За дверью было тихо. Скорее бы все это кончилось, мне надоело играть в войну, это не мой профиль. Пусть скорпион подохнет от собственного жала. В переднюю, где постоянно играла радиоточка, едва донесся хлопок «Макарова». Приоткрываю дверь и, убедившись, что Глебов навсегда освободил от себя эту землю, не спеша покидаю квартиру, тихо захлопнув дверь кончиками пальцев в светлой лайковой перчатке.

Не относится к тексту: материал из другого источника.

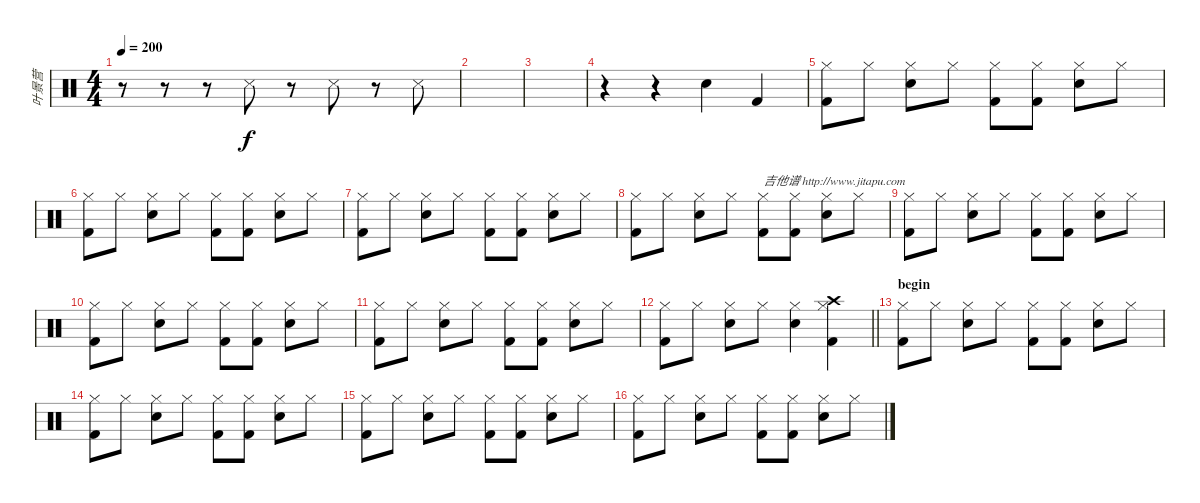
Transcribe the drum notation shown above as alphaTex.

\track ("叶景营" "叶景营") {instrument percussion}
\staff {score}
\articulation defaults
\ts (4 4)
\tempo 200
\clef neutral
\ks c
r.8{dy f} r.8 r.8 "Snare (side stick) 3".8 r.8 "Snare (side stick) 3".8 r.8 "Snare (side stick) 3".8 |
|
|
r.4 r.4 "Electric Snare (hit)".4 "Kick (hit) 2".4 |
("Hi-Hat (closed)" "Kick (hit) 2").8 "Hi-Hat (closed)".8 ("Hi-Hat (closed)" "Electric Snare (hit)").8 "Hi-Hat (closed)".8 ("Hi-Hat (closed)" "Kick (hit) 2").8 ("Hi-Hat (closed)" "Kick (hit) 2").8 ("Hi-Hat (closed)" "Electric Snare (hit)").8 "Hi-Hat (closed)".8 |
("Hi-Hat (closed)" "Kick (hit) 2").8 "Hi-Hat (closed)".8 ("Hi-Hat (closed)" "Electric Snare (hit)").8 "Hi-Hat (closed)".8 ("Hi-Hat (closed)" "Kick (hit) 2").8 ("Hi-Hat (closed)" "Kick (hit) 2").8 ("Hi-Hat (closed)" "Electric Snare (hit)").8 "Hi-Hat (closed)".8 |
("Hi-Hat (closed)" "Kick (hit) 2").8 "Hi-Hat (closed)".8 ("Hi-Hat (closed)" "Electric Snare (hit)").8 "Hi-Hat (closed)".8 ("Hi-Hat (closed)" "Kick (hit) 2").8 ("Hi-Hat (closed)" "Kick (hit) 2").8 ("Hi-Hat (closed)" "Electric Snare (hit)").8 "Hi-Hat (closed)".8 |
("Hi-Hat (closed)" "Kick (hit) 2").8 "Hi-Hat (closed)".8 ("Hi-Hat (closed)" "Electric Snare (hit)").8 "Hi-Hat (closed)".8 ("Hi-Hat (closed)" "Kick (hit) 2").8{txt "吉他谱 http://www.jitapu.com"} ("Hi-Hat (closed)" "Kick (hit) 2").8 ("Hi-Hat (closed)" "Electric Snare (hit)").8 "Hi-Hat (closed)".8 |
("Hi-Hat (closed)" "Kick (hit) 2").8 "Hi-Hat (closed)".8 ("Hi-Hat (closed)" "Electric Snare (hit)").8 "Hi-Hat (closed)".8 ("Hi-Hat (closed)" "Kick (hit) 2").8 ("Hi-Hat (closed)" "Kick (hit) 2").8 ("Hi-Hat (closed)" "Electric Snare (hit)").8 "Hi-Hat (closed)".8 |
("Hi-Hat (closed)" "Kick (hit) 2").8 "Hi-Hat (closed)".8 ("Hi-Hat (closed)" "Electric Snare (hit)").8 "Hi-Hat (closed)".8 ("Hi-Hat (closed)" "Kick (hit) 2").8 ("Hi-Hat (closed)" "Kick (hit) 2").8 ("Hi-Hat (closed)" "Electric Snare (hit)").8 "Hi-Hat (closed)".8 |
("Hi-Hat (closed)" "Kick (hit) 2").8 "Hi-Hat (closed)".8 ("Hi-Hat (closed)" "Electric Snare (hit)").8 "Hi-Hat (closed)".8 ("Hi-Hat (closed)" "Kick (hit) 2").8 ("Hi-Hat (closed)" "Kick (hit) 2").8 ("Hi-Hat (closed)" "Electric Snare (hit)").8 "Hi-Hat (closed)".8 |
\barLineRight lightlight
("Hi-Hat (closed)" "Kick (hit) 2").8 "Hi-Hat (closed)".8 ("Hi-Hat (closed)" "Electric Snare (hit)").8 "Hi-Hat (closed)".8 ("Hi-Hat (closed)" "Electric Snare (hit)").4 ("Crash high (hit)" "Hi-Hat (closed)" "Kick (hit) 2").4 |
\section ("" "begin")
("Hi-Hat (closed)" "Kick (hit) 2").8 "Hi-Hat (closed)".8 ("Hi-Hat (closed)" "Electric Snare (hit)").8 "Hi-Hat (closed)".8 ("Hi-Hat (closed)" "Kick (hit) 2").8 ("Hi-Hat (closed)" "Kick (hit) 2").8 ("Hi-Hat (closed)" "Electric Snare (hit)").8 "Hi-Hat (closed)".8 |
("Hi-Hat (closed)" "Kick (hit) 2").8 "Hi-Hat (closed)".8 ("Hi-Hat (closed)" "Electric Snare (hit)").8 "Hi-Hat (closed)".8 ("Hi-Hat (closed)" "Kick (hit) 2").8 ("Hi-Hat (closed)" "Kick (hit) 2").8 ("Hi-Hat (closed)" "Electric Snare (hit)").8 "Hi-Hat (closed)".8 |
("Hi-Hat (closed)" "Kick (hit) 2").8 "Hi-Hat (closed)".8 ("Hi-Hat (closed)" "Electric Snare (hit)").8 "Hi-Hat (closed)".8 ("Hi-Hat (closed)" "Kick (hit) 2").8 ("Hi-Hat (closed)" "Kick (hit) 2").8 ("Hi-Hat (closed)" "Electric Snare (hit)").8 "Hi-Hat (closed)".8 |
("Hi-Hat (closed)" "Kick (hit) 2").8 "Hi-Hat (closed)".8 ("Hi-Hat (closed)" "Electric Snare (hit)").8 "Hi-Hat (closed)".8 ("Hi-Hat (closed)" "Kick (hit) 2").8 ("Hi-Hat (closed)" "Kick (hit) 2").8 ("Hi-Hat (closed)" "Electric Snare (hit)").8 "Hi-Hat (closed)".8

Пройдя всего один квартал, я был вынужден перейти на противоположную сторону улицы. Рябову не следует нарушать правила дорожного движения даже ночью, он ведь такой педантичный, а тут сплошная полоса на дороге.

Сережа посмотрел на меня и спросил:

– Слушай, а если бы он?… Ну, словом, его жена, дети…

– Не знаю, Сережа, – предельно откровенно говорю я. – Впрочем, он избавил нас от рассуждений на эту тему.

– Пидар, – выдал короткую эпитафию Александру Глебову Сережа, нарушая заповедь – о покойниках либо хорошее, либо совсем ничего. Что поделаешь, Сережа наверное уже привык, что о покойниках самые хорошие слова в последний раз говорят во время траурной церемонии. Зато потом… Особенно если фотографий и посвященные им некрологи появляются во всех газетах.